Loving yourself becomes a task in itself, especially when you’re busy pouring out unconditional love as a single mom. You’re so caught up in making up for the absent figure in your children’s lives that dating hardly comes across your mind. You might think of it as a luxury or a far off dream, given your current schedules. But believe us, it gets better. You need to allow things to fall into place and once they do, it would all be worth the wait. When you do get ready to get back into the game, you’ll indulge into over- thinking and might end up developing a lot of questions and subsequent apprehension. How do you meet someone when you’re a single parent? Or just, how do you get back into dating as a single mom? Lucky for us, we could get in touch with some brilliant and enigmatic young single mothers who were kind enough to share their life experiences and their journeys with us. After all, its the practicality of it that motivates you more than theory, isn’t it? Here’s a look at what Pooja Sharma, blogger and content consultant by profession and a single mother to a 12- year old has to share about rushing into anything after a divorce: “Process your own feelings first. A relationship in rebound mode will fall into the same pattern – whether it was co-dependent, abusive etc. Unless you break free of the pattern, you’ll fall for it again. Give yourself that buffer to recover and remember, getting over an old relationship is like grieving, it needs time.” So, make sure you’re over the loser who couldn’t appreciate your wonderful being once you’re ready to search for Mr. Right again. Now, let’s leave all the skepticism out the door as we attempt to answer all your questions about how to date as a single mom without help! We swear to be as honest and raw as we can be to help you choose the right direction. Dating as a single mom is possible and here’s how:
9 Tips When Dating As A Single Mom
Getting into dating again as a single mom can be tough. After all, you’re probably juggling between your work and childcare. Shaving your legs/ arms for a random guy at the cafe seems to be a lot, doesn’t it? You’re probably asking yourself if answering some strange guy’s first date questions is worth leaving your child at home. Well, if you never try, you’ll never know. Would you? But we get it – dating as a single mom isn’t a piece of cake. However, if you do decide to dip your toes back into the dating pool, we’ve put together a friendly guide you can keep handy. Dating as a single mom? We’re with you all the way.
1. Give yourself time
How to start dating as a single mom, you wonder? We swore to be honest, didn’t we? So, we advise you to take your time. Especially if you’re dating as a single mom after a divorce or a bad breakup, it’s okay not to rush into dating right away. A 2019 survey shows that many women were already thinking about dating fairly early into their divorce or separation, with 65% saying they started dating within the first year itself. While getting back in the dating pool is exciting, make sure you’re ready for it. Remember, there’s no rush. Make sure you’re not in your head about a fairy-tale romance that awaits you. Engage into some of your post-breakup healing and then consider getting back to dating. Even if you haven’t just come out of a breakup, but are struggling with the realities of dating as a single mom with a baby, it’s perfectly alright to figure out the other aspects of your life, before you jump right back in. Lawyer and single mom Laila Zafar agrees, saying, “We must be sufficiently healed from the traumas of our own past so we don’t repeat patterns and are able to attract better companionship. I do feel that staying single for a while after a divorce or breakup is not a bad idea – it gives one time to quieten the doubt in our own minds. “I know a single mom, who began dating even before her divorce came through and she was clearly not healed from the end of her marriage. Not surprisingly, all her entanglements were reflections of the unhealed bits of her broken past. I couldn’t understand why she kept doing this to herself but I always advise single moms to stay clear of self-damaging behavior that could turn into a toxic relationship,” Laila adds.

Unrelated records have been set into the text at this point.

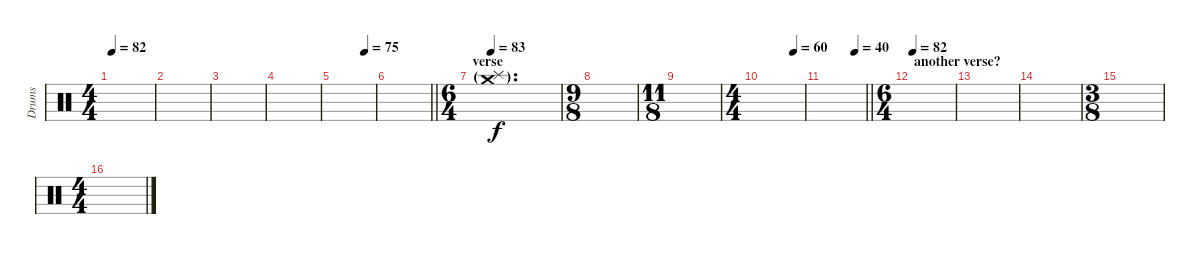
\track ("Drums" "Drums") {instrument percussion}
\staff {score}
\articulation defaults
\ts (4 4)
\tempo 82
\clef neutral
\ks c
|
|
|
|
\tempo (75 0.75)
|
\barLineRight lightlight
|
\ts (6 4)
\section ("" "verse")
\tempo 83
("Crash medium (hit)"{g} "Splash (hit)"{g}).1{d} |
\ts (9 8)
|
\ts (11 8)
|
\ts (4 4)
\tempo (60 0.75)
|
\tempo (40 0.75)
\barLineRight lightlight
|
\ts (6 4)
\section ("" "another verse?")
\tempo 82
|
|
|
\ts (3 8)
|
\ts (4 4)
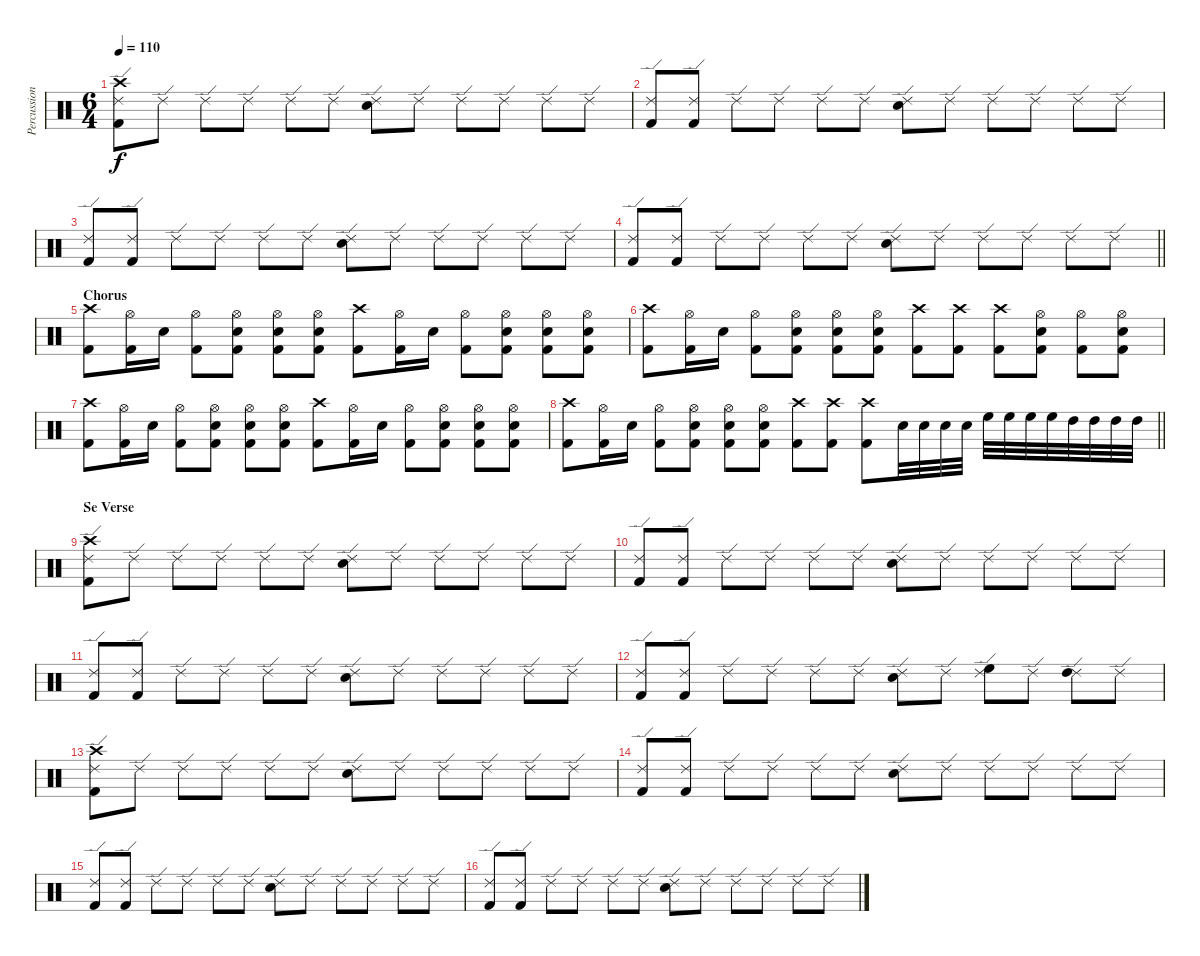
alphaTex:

\track ("Percussion" "Percussion") {instrument percussion}
\staff {score}
\articulation defaults
\ts (6 4)
\tempo 110
\clef neutral
\ks c
("Ride (edge) 2" "Kick (hit) 2" "Crash high (hit)").8{dy f} "Ride (edge) 2".8 "Ride (edge) 2".8 "Ride (edge) 2".8 "Ride (edge) 2".8 "Ride (edge) 2".8 ("Ride (edge) 2" "Electric Snare (hit)").8 "Ride (edge) 2".8 "Ride (edge) 2".8 "Ride (edge) 2".8 "Ride (edge) 2".8 "Ride (edge) 2".8 |
("Ride (edge) 2" "Kick (hit) 2").8 ("Ride (edge) 2" "Kick (hit) 2").8 "Ride (edge) 2".8 "Ride (edge) 2".8 "Ride (edge) 2".8 "Ride (edge) 2".8 ("Ride (edge) 2" "Electric Snare (hit)").8 "Ride (edge) 2".8 "Ride (edge) 2".8 "Ride (edge) 2".8 "Ride (edge) 2".8 "Ride (edge) 2".8 |
("Ride (edge) 2" "Kick (hit) 2").8 ("Ride (edge) 2" "Kick (hit) 2").8 "Ride (edge) 2".8 "Ride (edge) 2".8 "Ride (edge) 2".8 "Ride (edge) 2".8 ("Ride (edge) 2" "Electric Snare (hit)").8 "Ride (edge) 2".8 "Ride (edge) 2".8 "Ride (edge) 2".8 "Ride (edge) 2".8 "Ride (edge) 2".8 |
\barLineRight lightlight
("Ride (edge) 2" "Kick (hit) 2").8 ("Ride (edge) 2" "Kick (hit) 2").8 "Ride (edge) 2".8 "Ride (edge) 2".8 "Ride (edge) 2".8 "Ride (edge) 2".8 ("Ride (edge) 2" "Electric Snare (hit)").8 "Ride (edge) 2".8 "Ride (edge) 2".8 "Ride (edge) 2".8 "Ride (edge) 2".8 "Ride (edge) 2".8 |
\section ("" "Chorus")
("Crash high (hit)" "Kick (hit) 2").8 ("Hi-Hat (open)" "Kick (hit) 2").16 "Electric Snare (hit)".16 ("Hi-Hat (open)" "Kick (hit) 2").8 ("Hi-Hat (open)" "Kick (hit) 2" "Electric Snare (hit)").8 ("Hi-Hat (open)" "Kick (hit) 2" "Electric Snare (hit)").8 ("Hi-Hat (open)" "Kick (hit) 2" "Electric Snare (hit)").8 ("Crash high (hit)" "Kick (hit) 2").8 ("Hi-Hat (open)" "Kick (hit) 2").16 "Electric Snare (hit)".16 ("Hi-Hat (open)" "Kick (hit) 2").8 ("Hi-Hat (open)" "Kick (hit) 2" "Electric Snare (hit)").8 ("Hi-Hat (open)" "Kick (hit) 2" "Electric Snare (hit)").8 ("Hi-Hat (open)" "Kick (hit) 2" "Electric Snare (hit)").8 |
("Crash high (hit)" "Kick (hit) 2").8 ("Hi-Hat (open)" "Kick (hit) 2").16 "Electric Snare (hit)".16 ("Hi-Hat (open)" "Kick (hit) 2").8 ("Hi-Hat (open)" "Kick (hit) 2" "Electric Snare (hit)").8 ("Hi-Hat (open)" "Kick (hit) 2" "Electric Snare (hit)").8 ("Hi-Hat (open)" "Kick (hit) 2" "Electric Snare (hit)").8 ("Crash high (hit)" "Kick (hit) 2").8 ("Crash high (hit)" "Kick (hit) 2").8 ("Crash high (hit)" "Kick (hit) 2").8 ("Hi-Hat (open)" "Kick (hit) 2" "Electric Snare (hit)").8 ("Hi-Hat (open)" "Kick (hit) 2").8 ("Hi-Hat (open)" "Kick (hit) 2" "Electric Snare (hit)").8 |
("Crash high (hit)" "Kick (hit) 2").8 ("Hi-Hat (open)" "Kick (hit) 2").16 "Electric Snare (hit)".16 ("Hi-Hat (open)" "Kick (hit) 2").8 ("Hi-Hat (open)" "Kick (hit) 2" "Electric Snare (hit)").8 ("Hi-Hat (open)" "Kick (hit) 2" "Electric Snare (hit)").8 ("Hi-Hat (open)" "Kick (hit) 2" "Electric Snare (hit)").8 ("Crash high (hit)" "Kick (hit) 2").8 ("Hi-Hat (open)" "Kick (hit) 2").16 "Electric Snare (hit)".16 ("Hi-Hat (open)" "Kick (hit) 2").8 ("Hi-Hat (open)" "Kick (hit) 2" "Electric Snare (hit)").8 ("Hi-Hat (open)" "Kick (hit) 2" "Electric Snare (hit)").8 ("Hi-Hat (open)" "Kick (hit) 2" "Electric Snare (hit)").8 |
\barLineRight lightlight
("Crash high (hit)" "Kick (hit) 2").8 ("Hi-Hat (open)" "Kick (hit) 2").16 "Electric Snare (hit)".16 ("Hi-Hat (open)" "Kick (hit) 2").8 ("Hi-Hat (open)" "Kick (hit) 2" "Electric Snare (hit)").8 ("Hi-Hat (open)" "Kick (hit) 2" "Electric Snare (hit)").8 ("Hi-Hat (open)" "Kick (hit) 2" "Electric Snare (hit)").8 ("Crash high (hit)" "Kick (hit) 2").8 ("Crash high (hit)" "Kick (hit) 2").8 ("Crash high (hit)" "Kick (hit) 2").8 "Electric Snare (hit)".32 "Electric Snare (hit)".32 "Electric Snare (hit)".32 "Electric Snare (hit)".32 "High Floor Tom (hit)".32 "High Floor Tom (hit)".32 "High Floor Tom (hit)".32 "High Floor Tom (hit)".32 "High Tom (hit)".32 "High Tom (hit)".32 "High Tom (hit)".32 "High Tom (hit)".32 |
\section ("" "Se Verse")
("Ride (edge) 2" "Crash high (hit)" "Kick (hit) 2").8 "Ride (edge) 2".8 "Ride (edge) 2".8 "Ride (edge) 2".8 "Ride (edge) 2".8 "Ride (edge) 2".8 ("Ride (edge) 2" "Electric Snare (hit)").8 "Ride (edge) 2".8 "Ride (edge) 2".8 "Ride (edge) 2".8 "Ride (edge) 2".8 "Ride (edge) 2".8 |
("Ride (edge) 2" "Kick (hit) 2").8 ("Ride (edge) 2" "Kick (hit) 2").8 "Ride (edge) 2".8 "Ride (edge) 2".8 "Ride (edge) 2".8 "Ride (edge) 2".8 ("Ride (edge) 2" "Electric Snare (hit)").8 "Ride (edge) 2".8 "Ride (edge) 2".8 "Ride (edge) 2".8 "Ride (edge) 2".8 "Ride (edge) 2".8 |
("Ride (edge) 2" "Kick (hit) 2").8 ("Ride (edge) 2" "Kick (hit) 2").8 "Ride (edge) 2".8 "Ride (edge) 2".8 "Ride (edge) 2".8 "Ride (edge) 2".8 ("Ride (edge) 2" "Electric Snare (hit)").8 "Ride (edge) 2".8 "Ride (edge) 2".8 "Ride (edge) 2".8 "Ride (edge) 2".8 "Ride (edge) 2".8 |
("Ride (edge) 2" "Kick (hit) 2").8 ("Ride (edge) 2" "Kick (hit) 2").8 "Ride (edge) 2".8 "Ride (edge) 2".8 "Ride (edge) 2".8 "Ride (edge) 2".8 ("Ride (edge) 2" "Electric Snare (hit)").8 "Ride (edge) 2".8 ("Ride (edge) 2" "High Floor Tom (hit)").8 "Ride (edge) 2".8 ("Ride (edge) 2" "High Tom (hit)").8 "Ride (edge) 2".8 |
("Ride (edge) 2" "Kick (hit) 2" "Crash high (hit)").8 "Ride (edge) 2".8 "Ride (edge) 2".8 "Ride (edge) 2".8 "Ride (edge) 2".8 "Ride (edge) 2".8 ("Ride (edge) 2" "Electric Snare (hit)").8 "Ride (edge) 2".8 "Ride (edge) 2".8 "Ride (edge) 2".8 "Ride (edge) 2".8 "Ride (edge) 2".8 |
("Ride (edge) 2" "Kick (hit) 2").8 ("Ride (edge) 2" "Kick (hit) 2").8 "Ride (edge) 2".8 "Ride (edge) 2".8 "Ride (edge) 2".8 "Ride (edge) 2".8 ("Ride (edge) 2" "Electric Snare (hit)").8 "Ride (edge) 2".8 "Ride (edge) 2".8 "Ride (edge) 2".8 "Ride (edge) 2".8 "Ride (edge) 2".8 |
("Ride (edge) 2" "Kick (hit) 2").8 ("Ride (edge) 2" "Kick (hit) 2").8 "Ride (edge) 2".8 "Ride (edge) 2".8 "Ride (edge) 2".8 "Ride (edge) 2".8 ("Ride (edge) 2" "Electric Snare (hit)").8 "Ride (edge) 2".8 "Ride (edge) 2".8 "Ride (edge) 2".8 "Ride (edge) 2".8 "Ride (edge) 2".8 |
("Ride (edge) 2" "Kick (hit) 2").8 ("Ride (edge) 2" "Kick (hit) 2").8 "Ride (edge) 2".8 "Ride (edge) 2".8 "Ride (edge) 2".8 "Ride (edge) 2".8 ("Ride (edge) 2" "Electric Snare (hit)").8 "Ride (edge) 2".8 "Ride (edge) 2".8 "Ride (edge) 2".8 "Ride (edge) 2".8 "Ride (edge) 2".8
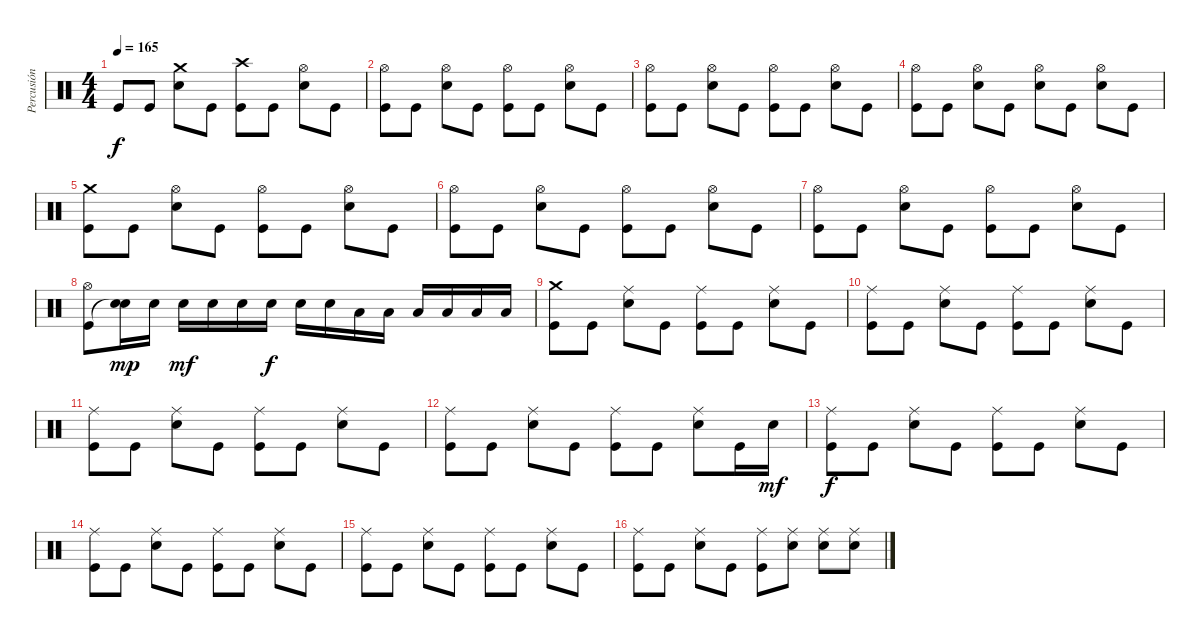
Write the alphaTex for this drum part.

\track ("Percusión" "Percusión") {instrument percussion}
\staff {score}
\articulation defaults
\ts (4 4)
\tempo 165
\clef neutral
\ks c "Kick (hit)".8{dy f} "Kick (hit)".8
("Crash medium (hit)" "Electric Snare (hit)").8 "Kick (hit)".8 ("Crash high (hit)" "Kick (hit)").8 "Kick (hit)".8 ("Hi-Hat (open)" "Electric Snare (hit)").8 "Kick (hit)".8 |
("Hi-Hat (open)" "Kick (hit)").8 "Kick (hit)".8 ("Hi-Hat (open)" "Electric Snare (hit)").8 "Kick (hit)".8 ("Hi-Hat (open)" "Kick (hit)").8 "Kick (hit)".8 ("Hi-Hat (open)" "Electric Snare (hit)").8 "Kick (hit)".8 |
("Hi-Hat (open)" "Kick (hit)").8 "Kick (hit)".8 ("Hi-Hat (open)" "Electric Snare (hit)").8 "Kick (hit)".8 ("Hi-Hat (open)" "Kick (hit)").8 "Kick (hit)".8 ("Hi-Hat (open)" "Electric Snare (hit)").8 "Kick (hit)".8 |
("Hi-Hat (open)" "Kick (hit)").8 "Kick (hit)".8 ("Hi-Hat (open)" "Electric Snare (hit)").8 "Kick (hit)".8 ("Hi-Hat (open)" "Electric Snare (hit)").8 "Kick (hit)".8 ("Hi-Hat (open)" "Electric Snare (hit)").8 "Kick (hit)".8 |
("Crash medium (hit)" "Kick (hit)").8 "Kick (hit)".8 ("Hi-Hat (open)" "Electric Snare (hit)").8 "Kick (hit)".8 ("Hi-Hat (open)" "Kick (hit)").8 "Kick (hit)".8 ("Hi-Hat (open)" "Electric Snare (hit)").8 "Kick (hit)".8 |
("Hi-Hat (open)" "Kick (hit)").8 "Kick (hit)".8 ("Hi-Hat (open)" "Electric Snare (hit)").8 "Kick (hit)".8 ("Hi-Hat (open)" "Kick (hit)").8 "Kick (hit)".8 ("Hi-Hat (open)" "Electric Snare (hit)").8 "Kick (hit)".8 |
("Hi-Hat (open)" "Kick (hit)").8 "Kick (hit)".8 ("Hi-Hat (open)" "Electric Snare (hit)").8 "Kick (hit)".8 ("Hi-Hat (open)" "Kick (hit)").8 "Kick (hit)".8 ("Hi-Hat (open)" "Electric Snare (hit)").8 "Kick (hit)".8 |
("Hi-Hat (open)" "Kick (hit)").8 ("Electric Snare (hit)" "Snare (hit)"{t}).16{dy mp} "Electric Snare (hit)".16 "Electric Snare (hit)".16{dy mf} "Electric Snare (hit)".16 "Electric Snare (hit)".16 "Electric Snare (hit)".16{dy f} "Electric Snare (hit)".16 "Electric Snare (hit)".16 "Low Tom (hit)".16 "Low Tom (hit)".16 "Low Tom (hit)".16 "Low Floor Tom (hit)".16 "Low Floor Tom (hit)".16 "Low Floor Tom (hit)".16 |
("Crash medium (hit)" "Kick (hit)").8 "Kick (hit)".8 ("Ride (middle)" "Electric Snare (hit)").8 "Kick (hit)".8 ("Ride (middle)" "Kick (hit)").8 "Kick (hit)".8 ("Ride (middle)" "Electric Snare (hit)").8 "Kick (hit)".8 |
("Ride (middle)" "Kick (hit)").8 "Kick (hit)".8 ("Ride (middle)" "Electric Snare (hit)").8 "Kick (hit)".8 ("Ride (middle)" "Kick (hit)").8 "Kick (hit)".8 ("Ride (middle)" "Electric Snare (hit)").8 "Kick (hit)".8 |
("Ride (middle)" "Kick (hit)").8 "Kick (hit)".8 ("Ride (middle)" "Electric Snare (hit)").8 "Kick (hit)".8 ("Ride (middle)" "Kick (hit)").8 "Kick (hit)".8 ("Ride (middle)" "Electric Snare (hit)").8 "Kick (hit)".8 |
("Ride (middle)" "Kick (hit)").8 "Kick (hit)".8 ("Ride (middle)" "Electric Snare (hit)").8 "Kick (hit)".8 ("Ride (middle)" "Kick (hit)").8 "Kick (hit)".8 ("Ride (middle)" "Electric Snare (hit)").8 "Kick (hit)".16 "Electric Snare (hit)".16{dy mf} |
("Ride (middle)" "Kick (hit)").8{dy f} "Kick (hit)".8 ("Ride (middle)" "Electric Snare (hit)").8 "Kick (hit)".8 ("Ride (middle)" "Kick (hit)").8 "Kick (hit)".8 ("Ride (middle)" "Electric Snare (hit)").8 "Kick (hit)".8 |
("Ride (middle)" "Kick (hit)").8 "Kick (hit)".8 ("Ride (middle)" "Electric Snare (hit)").8 "Kick (hit)".8 ("Ride (middle)" "Kick (hit)").8 "Kick (hit)".8 ("Ride (middle)" "Electric Snare (hit)").8 "Kick (hit)".8 |
("Ride (middle)" "Kick (hit)").8 "Kick (hit)".8 ("Ride (middle)" "Electric Snare (hit)").8 "Kick (hit)".8 ("Ride (middle)" "Kick (hit)").8 "Kick (hit)".8 ("Ride (middle)" "Electric Snare (hit)").8 "Kick (hit)".8 |
("Ride (middle)" "Kick (hit)").8 "Kick (hit)".8 ("Ride (middle)" "Electric Snare (hit)").8 "Kick (hit)".8 ("Ride (middle)" "Kick (hit)").8 ("Ride (middle)" "Electric Snare (hit)").8 ("Ride (middle)" "Electric Snare (hit)").8 ("Ride (middle)" "Electric Snare (hit)").8

2. When dating as a single mom: No guilt, please
How to date as a single mom without help? Well, for starters – don’t beat yourself up. Some days are going to be tough and others, much easier. Dating again as a single mom might tip you into a pool of guilt. You’re a primary caregiver for your kids – what if dating as a single mom by choice takes you away from them? What long-lasting effects could it have? Forget it! So much easier to stay in your PJs with the kids while eating peanut butter straight out of the jar, right? Wrong. You need to ditch the guilt, girl. You have every right to date and to fall in love and build a whole new life for yourself. None of this makes you a bad mother. In fact, it gives your kids a healthier perspective on what parenthood is about. Excessive dependence of children on their parents or vice-versa can be damaging and counter- productive. Dating as a single mom by choice could actually be a pretty good decision. Laila says, “My advice to single moms looking to date or attach to a new partner again, is to understand and accept that dating as a single person and dating as a single parent are two entirely different matters. As single moms, we must abandon all dating illusions and learn new relationship boundaries around the people we meet or date, because we now have children involved. Once we accept this and are able to compartmentalize our lives, things get a lot easier.”
3. Think about your deal-breakers
How to start dating as a single mom? Don’t waste your time on the things and people you know wouldn’t work for you. If your date is adamant that they’re not comfortable with kids, don’t spend your time trying to convince them otherwise. If you’re truly passionate about waking up early just so you can prepare your children’s breakfast, seek out someone who at least wishes to support you. How to date as a single mom without help? By dating a man, not a boy. You’re a single mama and you’re busy as it is. Even if it’s something as small as needing the thermostat at a certain number, stand by it, and don’t waste your time on someone who doesn’t care! For Pooja, it’s all about honesty. “If I feel I can’t be honest about my divorce or my kids or even my health issues, I know I’m not with the right person. And at their end too, if they can’t share their most authentic selves with me, why are we even doing this? Also, I’m a deeply conversational person – I need open and frequent communication. So, talking and sharing would definitely be deal breakers,” she says. We agree, Pooja! Talking and sharing solve more than half of all our relationship issues. Communication is key.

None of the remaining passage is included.